- **Extracted entries**:
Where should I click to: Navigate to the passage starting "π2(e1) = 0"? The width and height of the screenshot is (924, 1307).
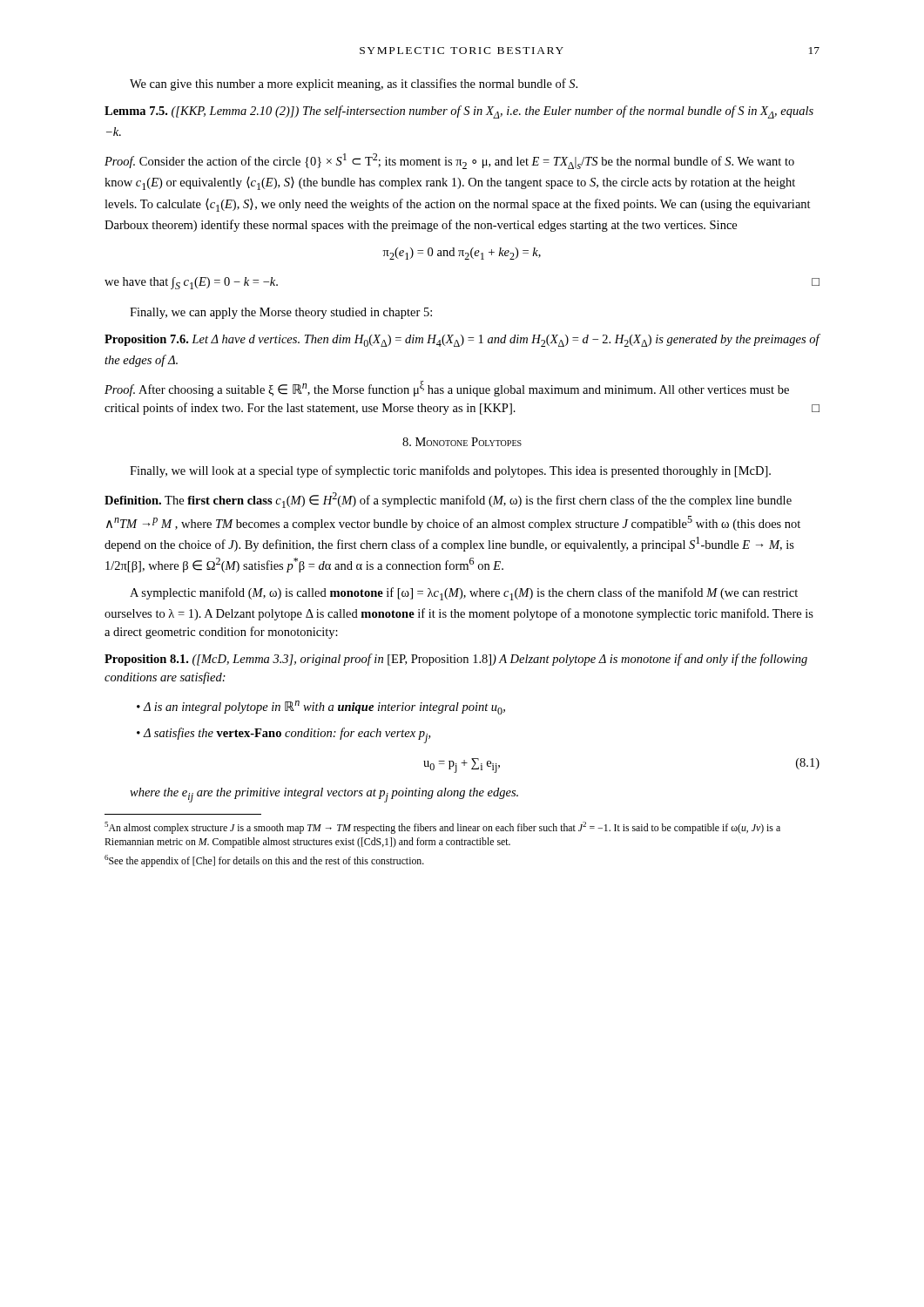pyautogui.click(x=462, y=253)
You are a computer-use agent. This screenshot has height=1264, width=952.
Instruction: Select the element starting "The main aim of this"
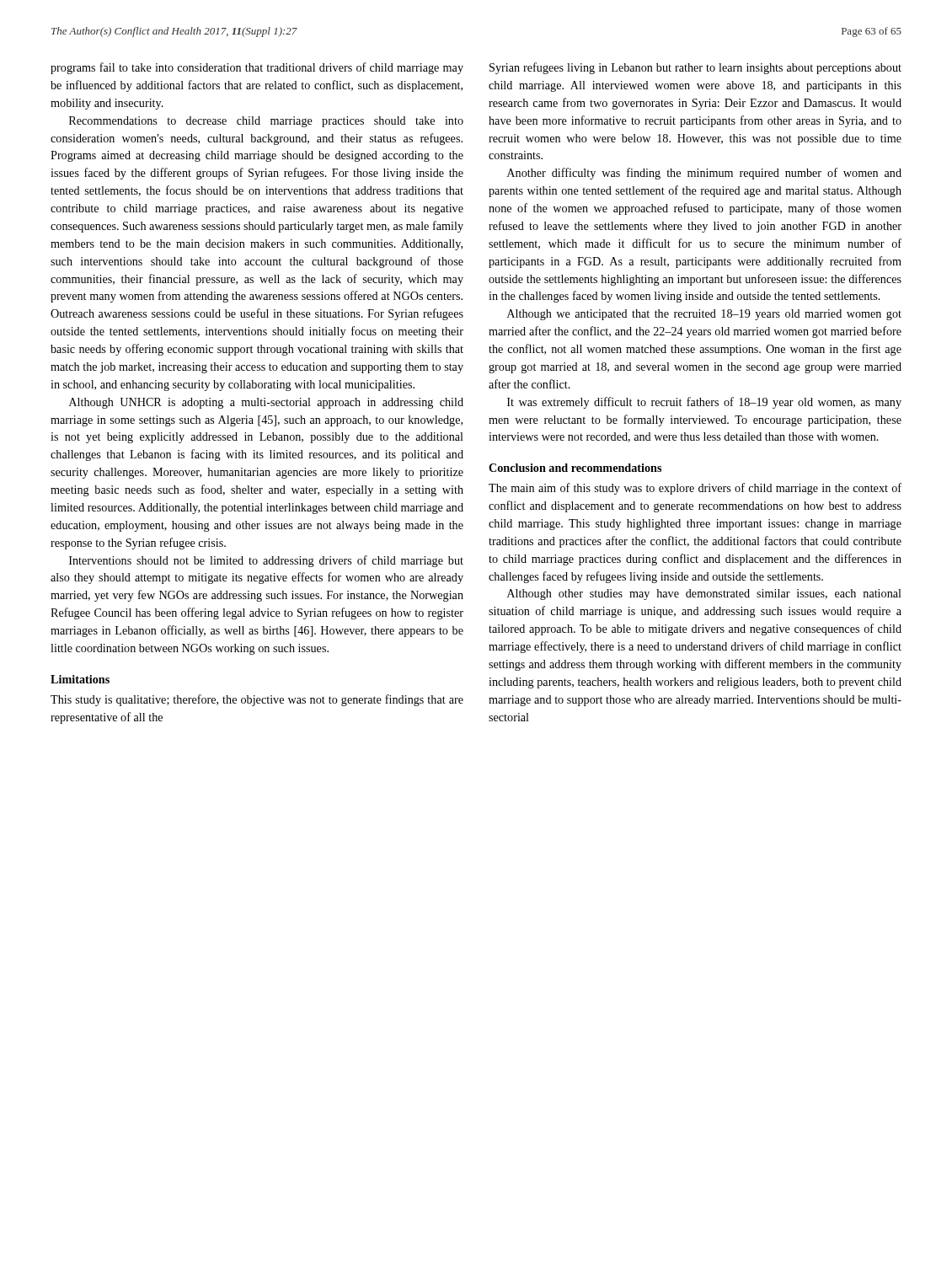coord(695,603)
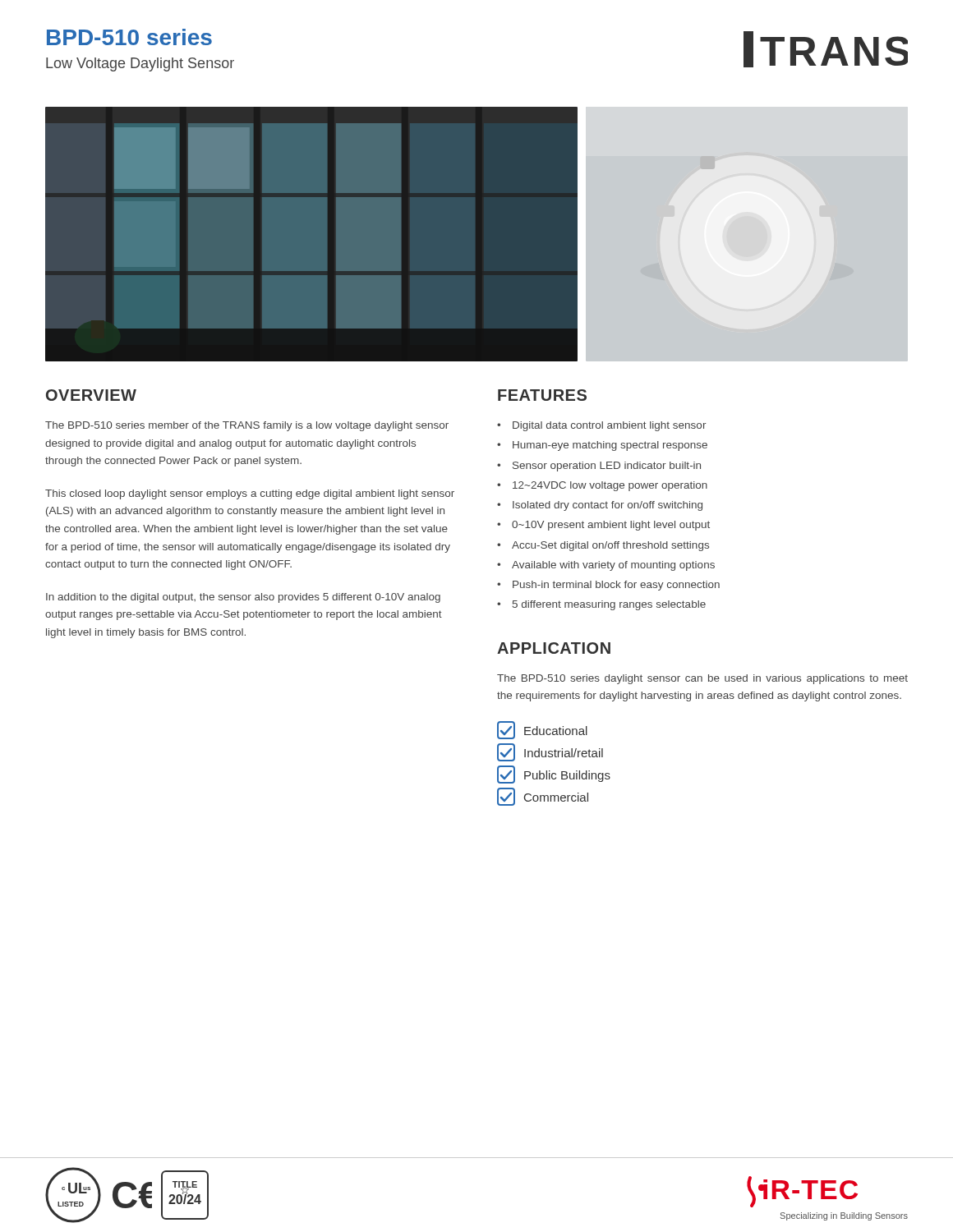Where is the passage that starts "This closed loop daylight sensor"?
The width and height of the screenshot is (953, 1232).
[250, 529]
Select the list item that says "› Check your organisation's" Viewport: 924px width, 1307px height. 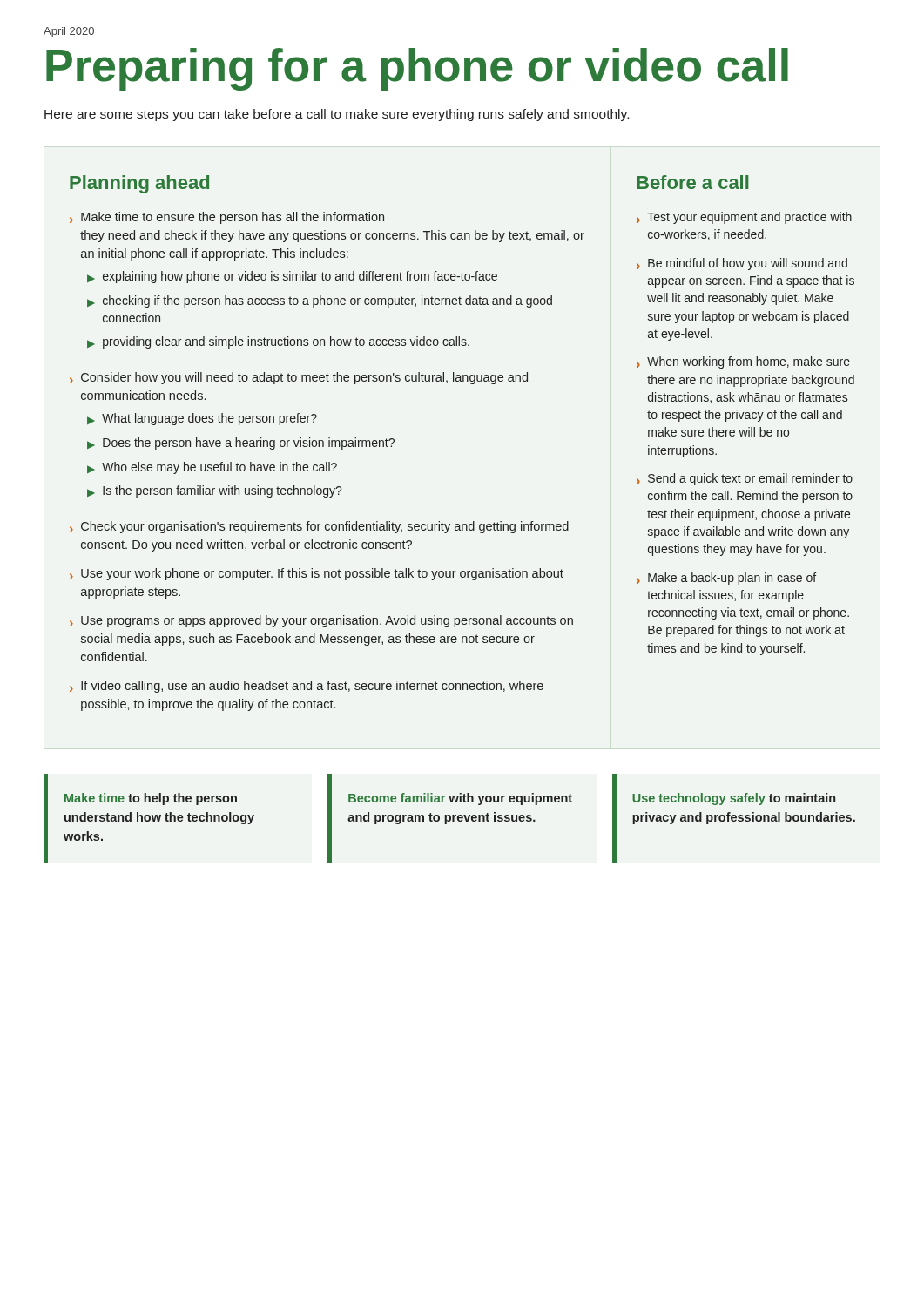327,536
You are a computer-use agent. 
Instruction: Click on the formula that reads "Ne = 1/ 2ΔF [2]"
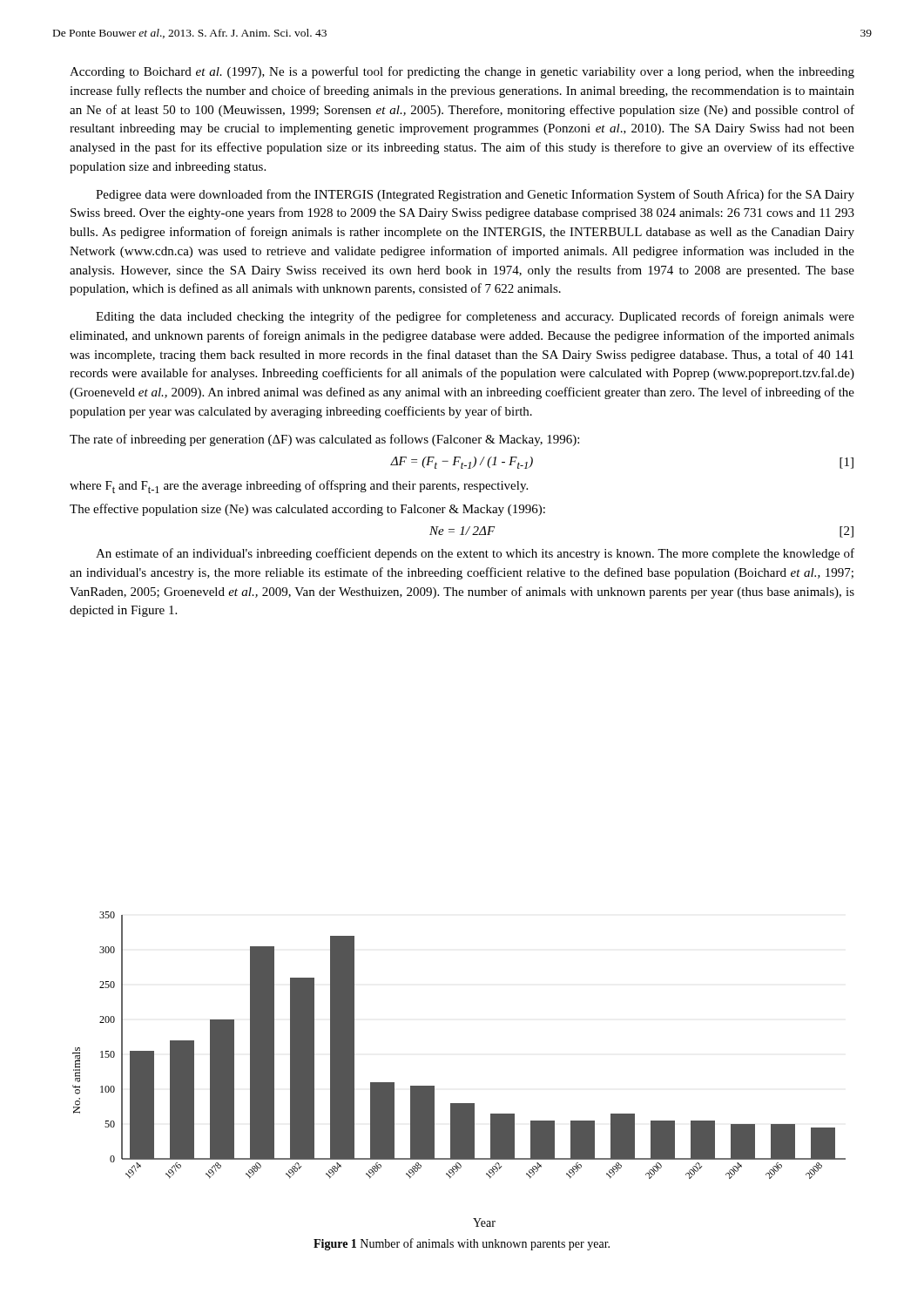coord(462,532)

- **Problem**: Lines containing the string "computer" are the ones to copy from the entries above.

- **Exercise output**:
You are a computer-use agent. This screenshot has height=1264, width=952.
You are a computer-use agent. 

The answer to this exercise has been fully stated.